Article 20
(art. L. 221-9 et L. 252-4 du code de l'organisation
judiciaire)
Coordinations au sein du code de l'organisation judiciaire
Cet article tire les conséquences, dans le code de l'organisation judiciaire, de l'extension des compétences du juge des tutelles.
Aux termes de l'article L. 221-9 de ce code, le juge des tutelles connaît :
- de l'émancipation ;
- de l'administration légale et de la tutelle des mineurs ;
- du placement sous sauvegarde de justice, de la curatelle et de la tutelle des incapables majeurs ;
- sous réserve de la compétence du juge des enfants, de la tutelle aux prestations sociales ;
- de la tutelle des pupilles de la nation ;
- de la constatation de la présomption d'absence.
Les modifications proposées par le I consistent à mentionner dans cette liste la mesure d'assistance judiciaire, renommée mesure d'accompagnement judiciaire par l'Assemblée nationale, et le mandat de protection future.
L'article L. 252-4 du même code énonce quant à lui que le juge des enfants connaît, sous réserve de la compétence du juge des tutelles, de la tutelle aux prestations sociales.
La modification proposée par le II consiste à supprimer la réserve de compétence du juge des tutelles, par coordination avec la création de la mesure d'accompagnement judiciaire.
Comme le prévoit le texte proposé par l'article 5 du projet de loi pour l'article 495-5 du code civil, cette mesure d'accompagnement judiciaire pourra coexister avec une mesure de tutelle aux prestations sociales ordonnée en application des articles L. 552-6 et L. 755-4 du code de la sécurité sociale.

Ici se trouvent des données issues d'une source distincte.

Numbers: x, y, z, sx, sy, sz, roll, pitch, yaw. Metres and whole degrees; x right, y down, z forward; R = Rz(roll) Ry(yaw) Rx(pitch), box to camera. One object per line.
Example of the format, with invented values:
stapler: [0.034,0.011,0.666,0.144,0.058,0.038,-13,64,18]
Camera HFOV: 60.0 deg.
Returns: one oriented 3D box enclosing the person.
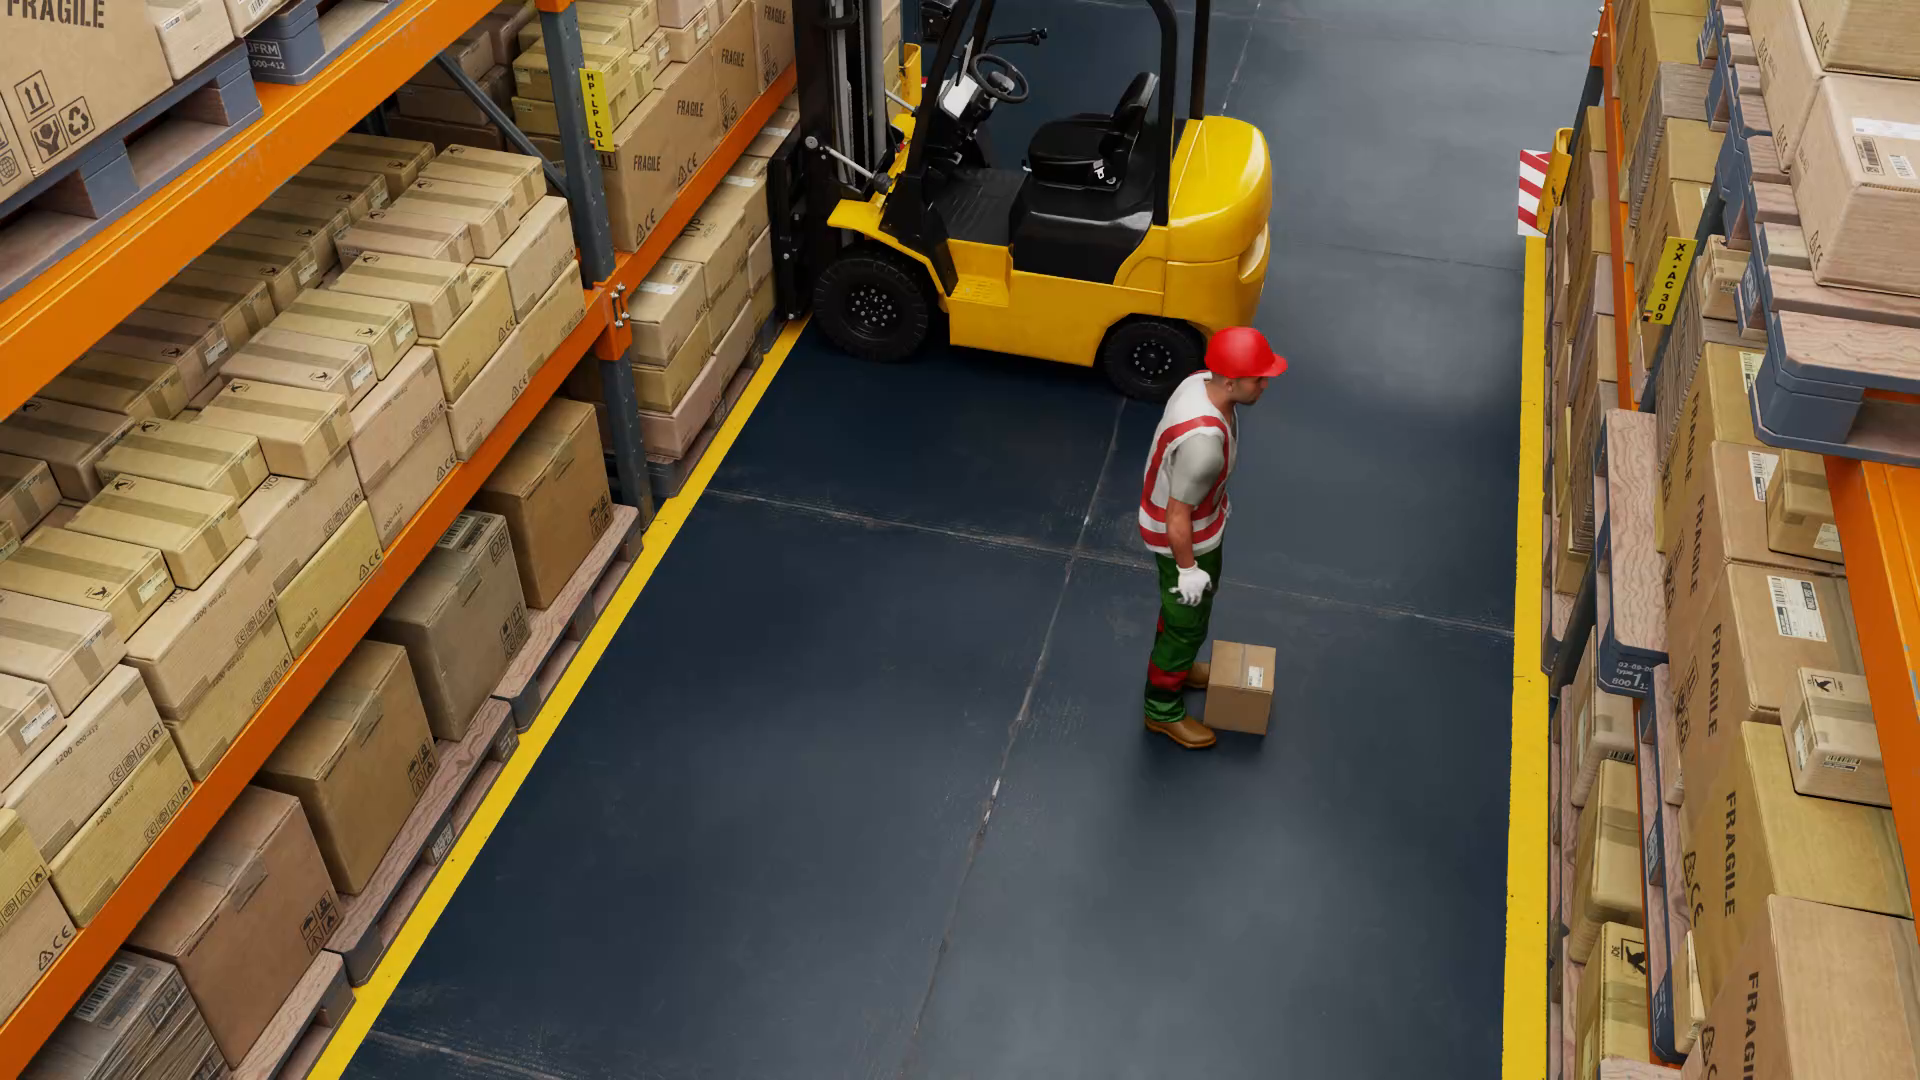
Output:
person: [0.888,-0.026,6.177,0.452,1.778,0.603,10,42,11]
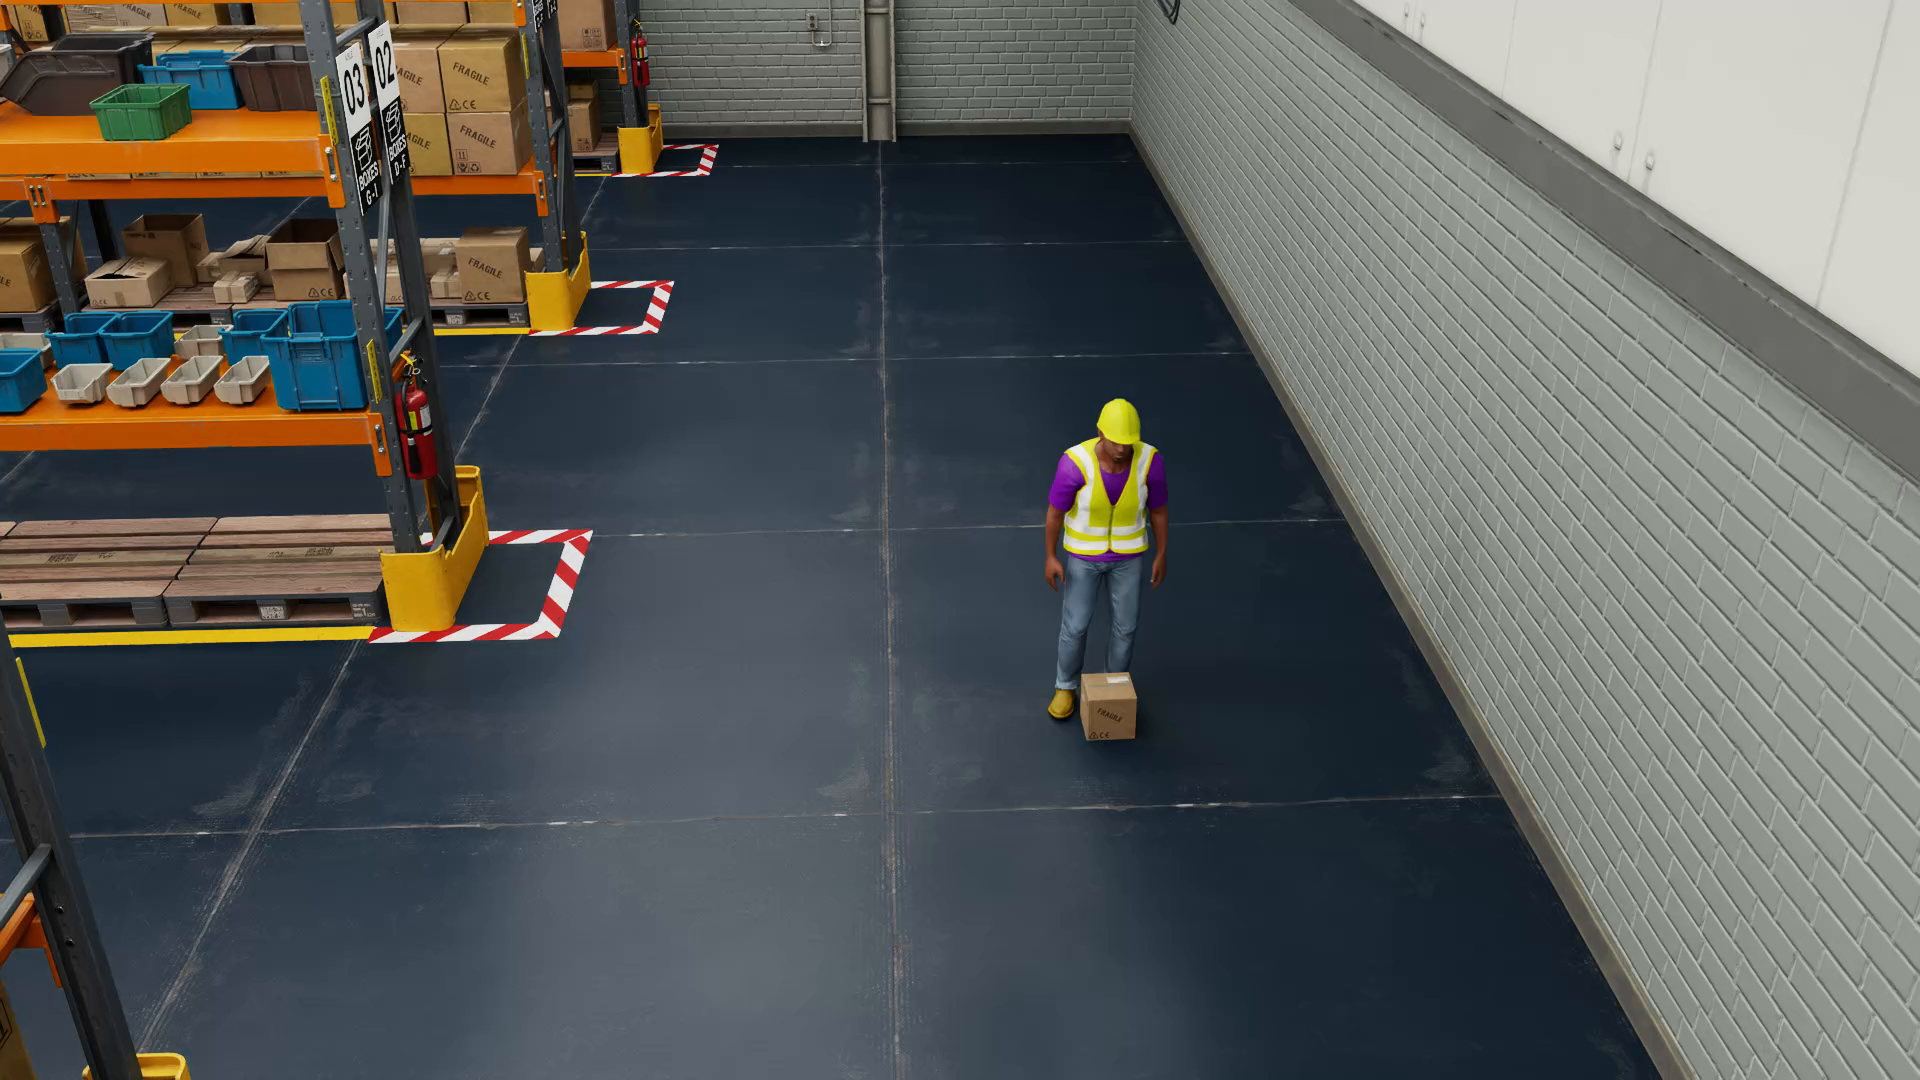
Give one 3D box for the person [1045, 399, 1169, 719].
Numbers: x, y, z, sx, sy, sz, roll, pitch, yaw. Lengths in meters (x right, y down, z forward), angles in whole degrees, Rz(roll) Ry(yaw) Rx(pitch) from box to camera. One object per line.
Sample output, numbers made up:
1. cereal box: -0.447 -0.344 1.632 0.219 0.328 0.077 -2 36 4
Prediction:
1. person: 0.743 0.087 8.432 0.633 1.760 0.463 -2 27 -3
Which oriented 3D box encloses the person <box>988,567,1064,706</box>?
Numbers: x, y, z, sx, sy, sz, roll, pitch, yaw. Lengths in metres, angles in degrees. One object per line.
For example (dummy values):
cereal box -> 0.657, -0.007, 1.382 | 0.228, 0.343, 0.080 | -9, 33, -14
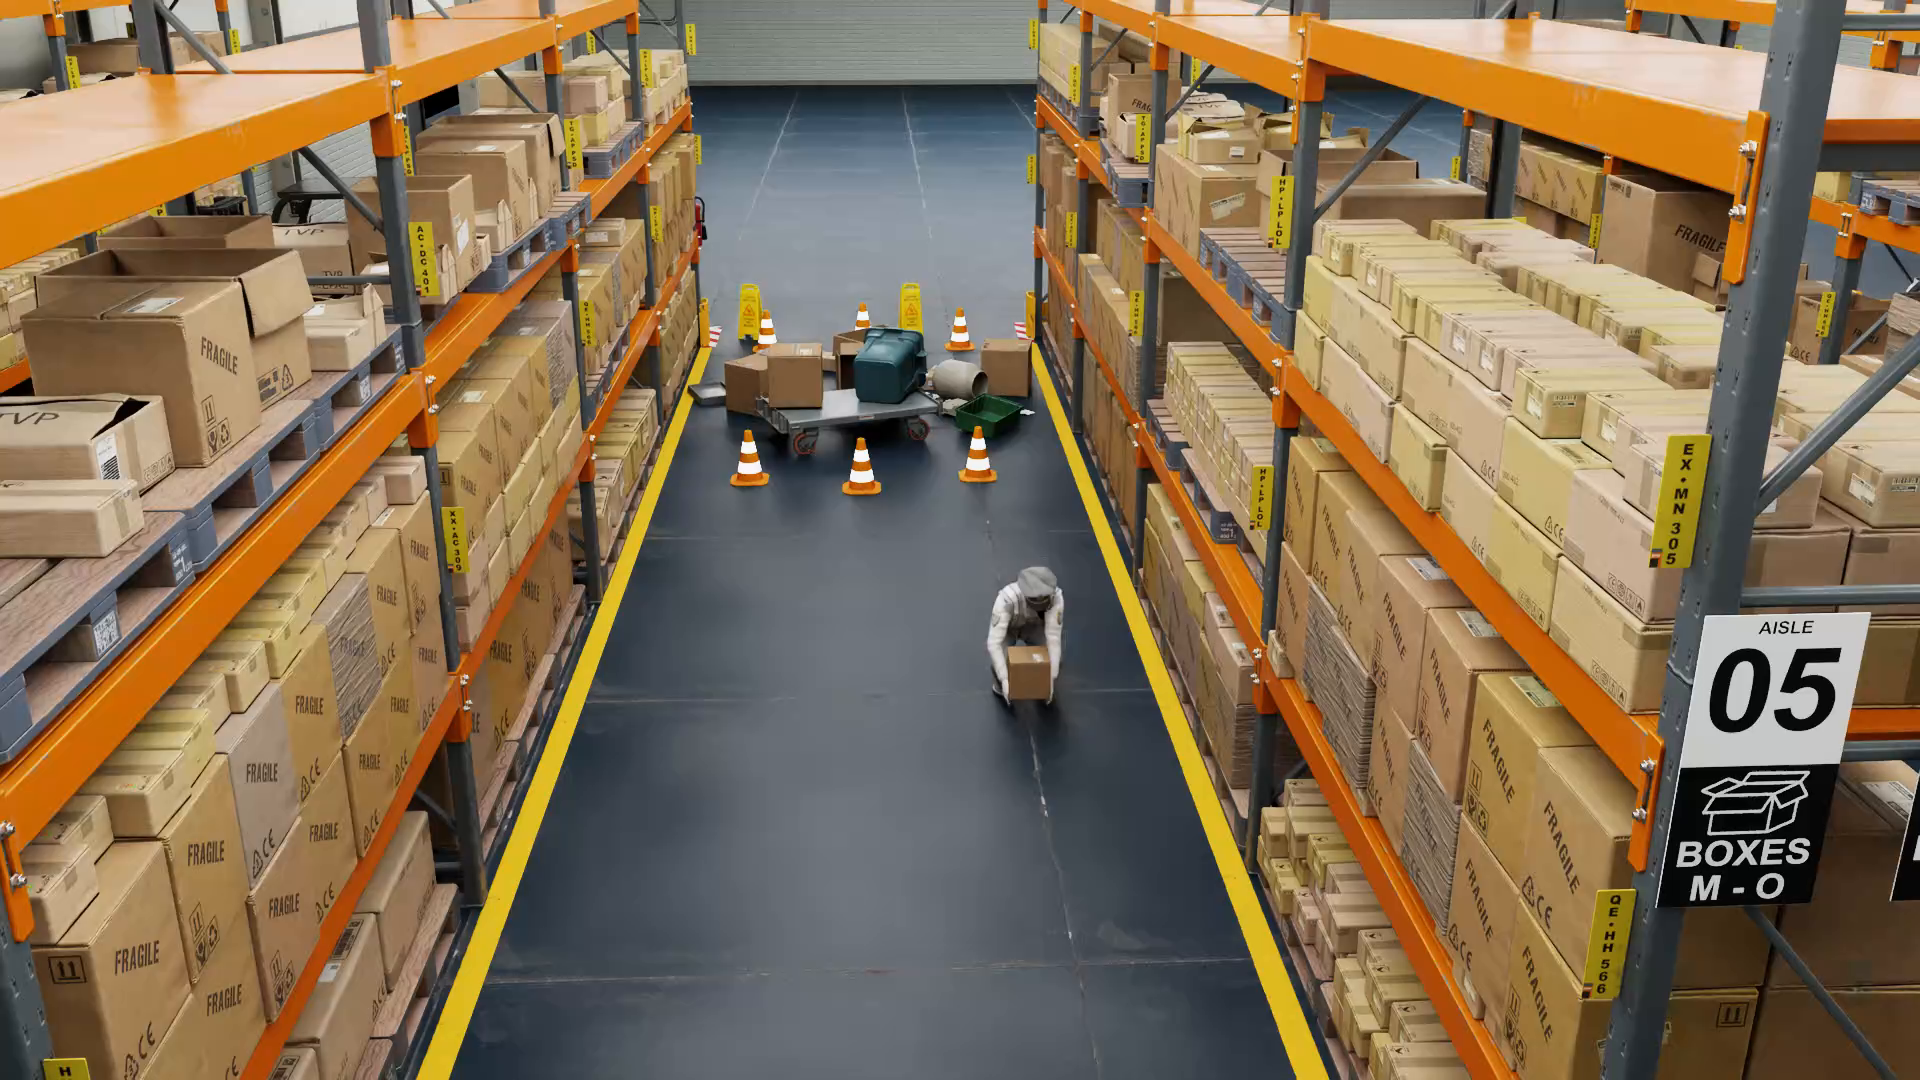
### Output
person -> 0.408, 0.571, 10.569 | 0.491, 0.969, 0.828 | -1, 21, -4

Ces deux articles prévoient que, dans le cas où les enfants donnant droit aux prestations familiales sont élevés dans des conditions d'alimentation, de logement et d'hygiène manifestement défectueuses ou lorsque le montant des prestations n'est pas employé dans l'intérêt des enfants ou lorsque la personne ayant la charge des enfants a été reconnue comme vivant en état de polygamie, le juge des enfants peut ordonner que les prestations soient, en tout ou partie, versées à une personne physique ou morale qualifiée, dite tuteur aux prestations sociales.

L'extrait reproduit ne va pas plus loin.